Starting with the line that holds "Share a concise" and stopping after the line that holds "Can you describe", repeat the lines below word for word, without the pictures.

[DATA PROVIDED — start]

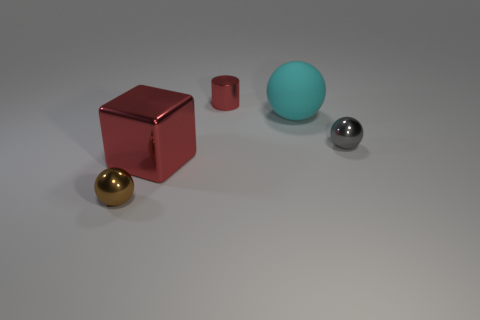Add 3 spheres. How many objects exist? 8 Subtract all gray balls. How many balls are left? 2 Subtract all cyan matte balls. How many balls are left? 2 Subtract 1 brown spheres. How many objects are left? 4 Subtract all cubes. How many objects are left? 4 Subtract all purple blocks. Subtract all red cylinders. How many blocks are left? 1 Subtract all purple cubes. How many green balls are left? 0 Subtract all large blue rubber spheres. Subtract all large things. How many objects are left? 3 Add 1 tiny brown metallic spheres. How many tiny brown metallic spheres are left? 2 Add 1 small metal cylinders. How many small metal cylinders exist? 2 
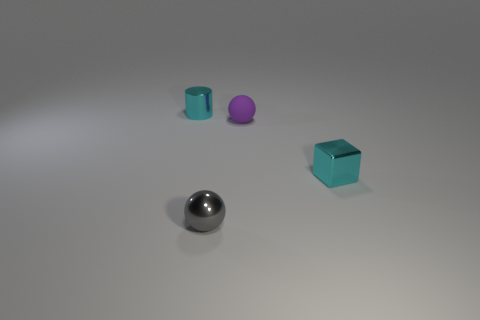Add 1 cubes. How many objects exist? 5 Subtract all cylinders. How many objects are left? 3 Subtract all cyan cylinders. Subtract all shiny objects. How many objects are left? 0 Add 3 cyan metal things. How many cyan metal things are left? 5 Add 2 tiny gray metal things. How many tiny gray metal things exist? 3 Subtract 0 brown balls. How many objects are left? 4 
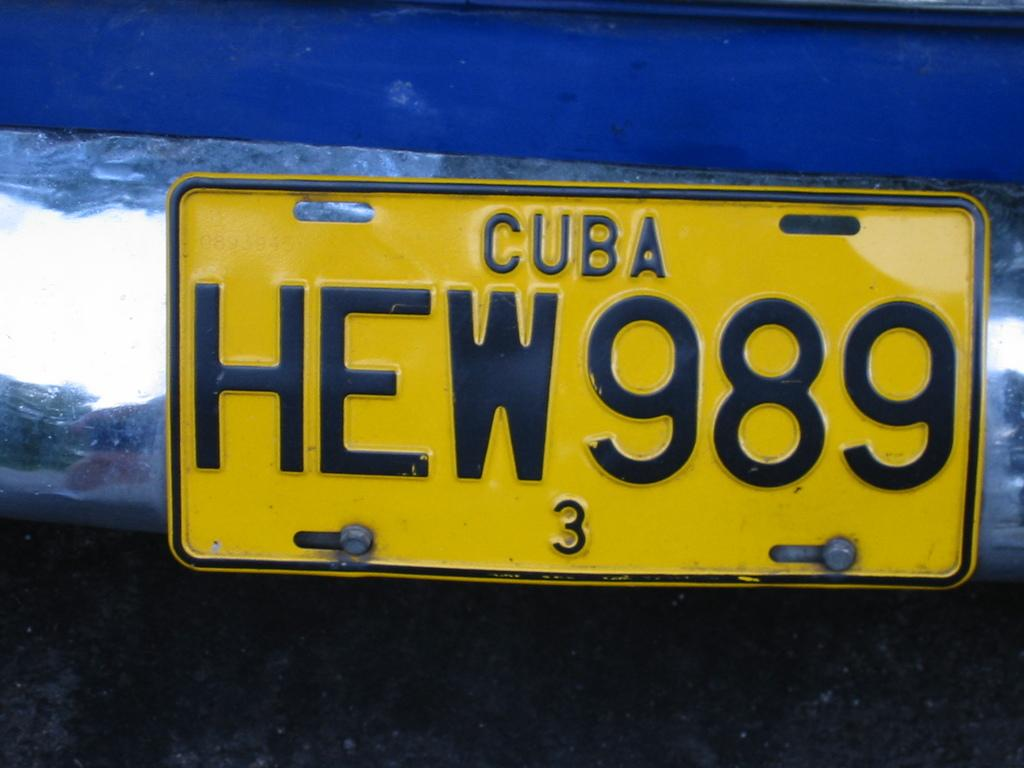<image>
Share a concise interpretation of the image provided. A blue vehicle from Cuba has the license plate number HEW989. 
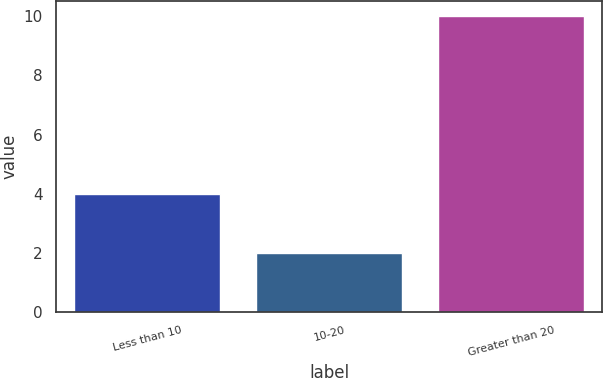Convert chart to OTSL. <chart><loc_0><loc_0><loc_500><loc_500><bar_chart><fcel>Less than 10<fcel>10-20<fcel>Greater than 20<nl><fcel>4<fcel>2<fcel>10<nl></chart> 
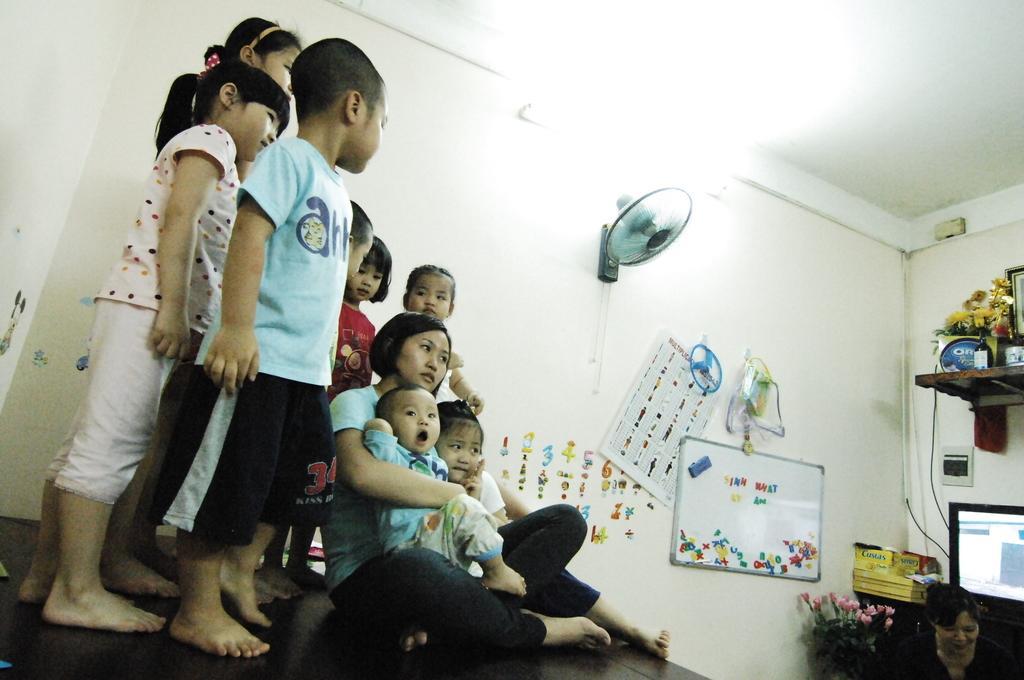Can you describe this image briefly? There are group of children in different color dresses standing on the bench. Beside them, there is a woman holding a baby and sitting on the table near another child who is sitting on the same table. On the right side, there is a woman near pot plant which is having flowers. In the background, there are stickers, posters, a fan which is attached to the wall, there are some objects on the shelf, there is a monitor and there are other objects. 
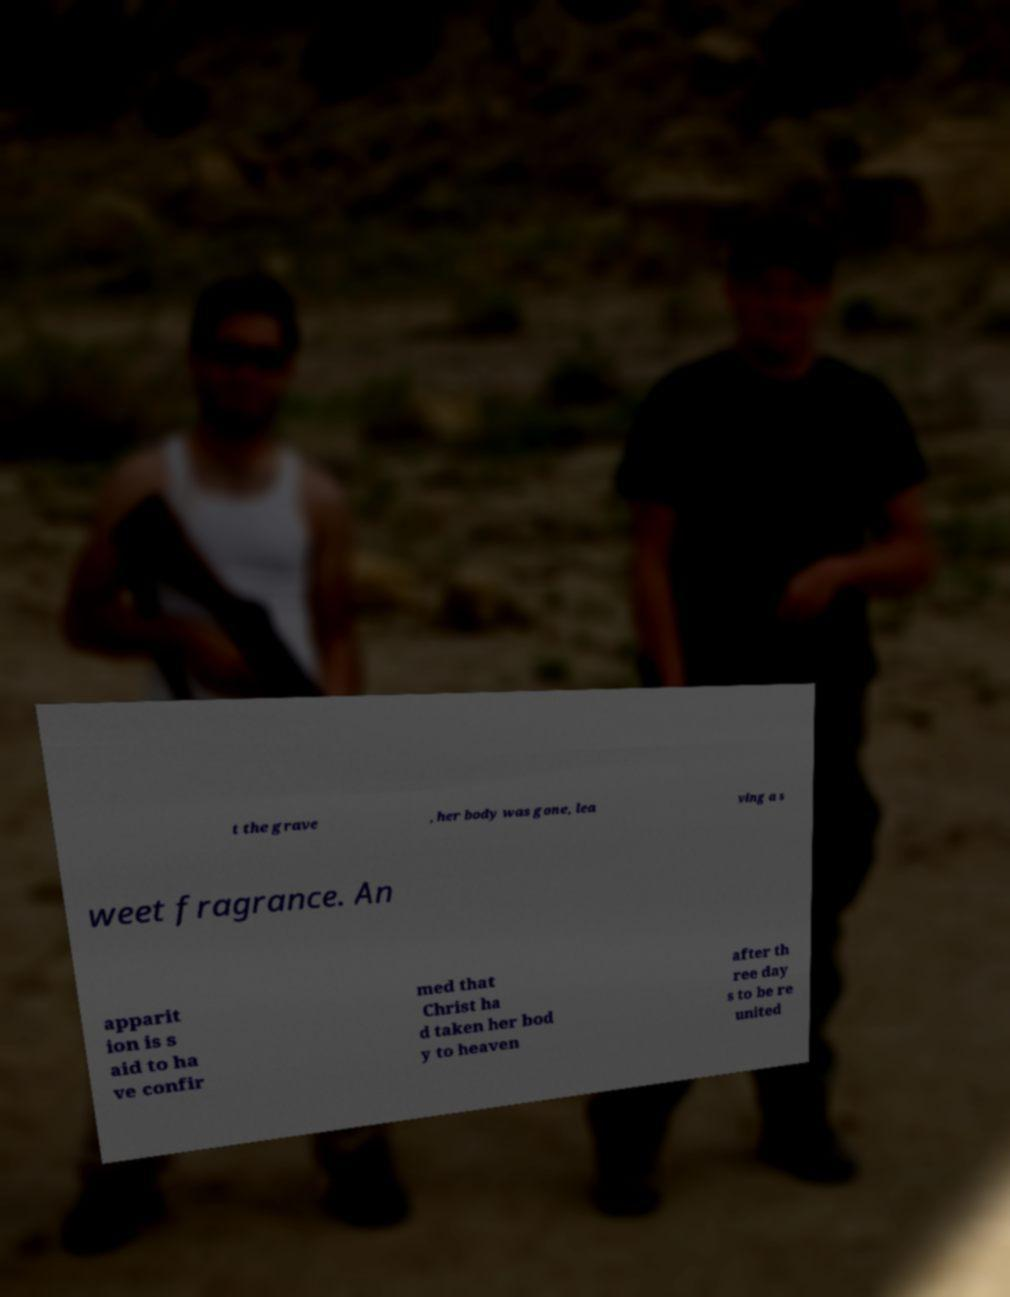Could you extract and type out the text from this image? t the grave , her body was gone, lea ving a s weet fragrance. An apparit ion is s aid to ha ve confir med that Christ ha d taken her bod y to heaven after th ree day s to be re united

[DATA PROVIDED — finish]

RESULT OF THIS EXERCISE
Share a concise interpretation of the image provided. A blue vehicle from Cuba has the license plate number HEW989. 
Convert chart to OTSL. <chart><loc_0><loc_0><loc_500><loc_500><bar_chart><fcel>Less than 10<fcel>10-20<fcel>Greater than 20<nl><fcel>4<fcel>2<fcel>10<nl></chart> 
Can you describe this image briefly? There are group of children in different color dresses standing on the bench. Beside them, there is a woman holding a baby and sitting on the table near another child who is sitting on the same table. On the right side, there is a woman near pot plant which is having flowers. In the background, there are stickers, posters, a fan which is attached to the wall, there are some objects on the shelf, there is a monitor and there are other objects. 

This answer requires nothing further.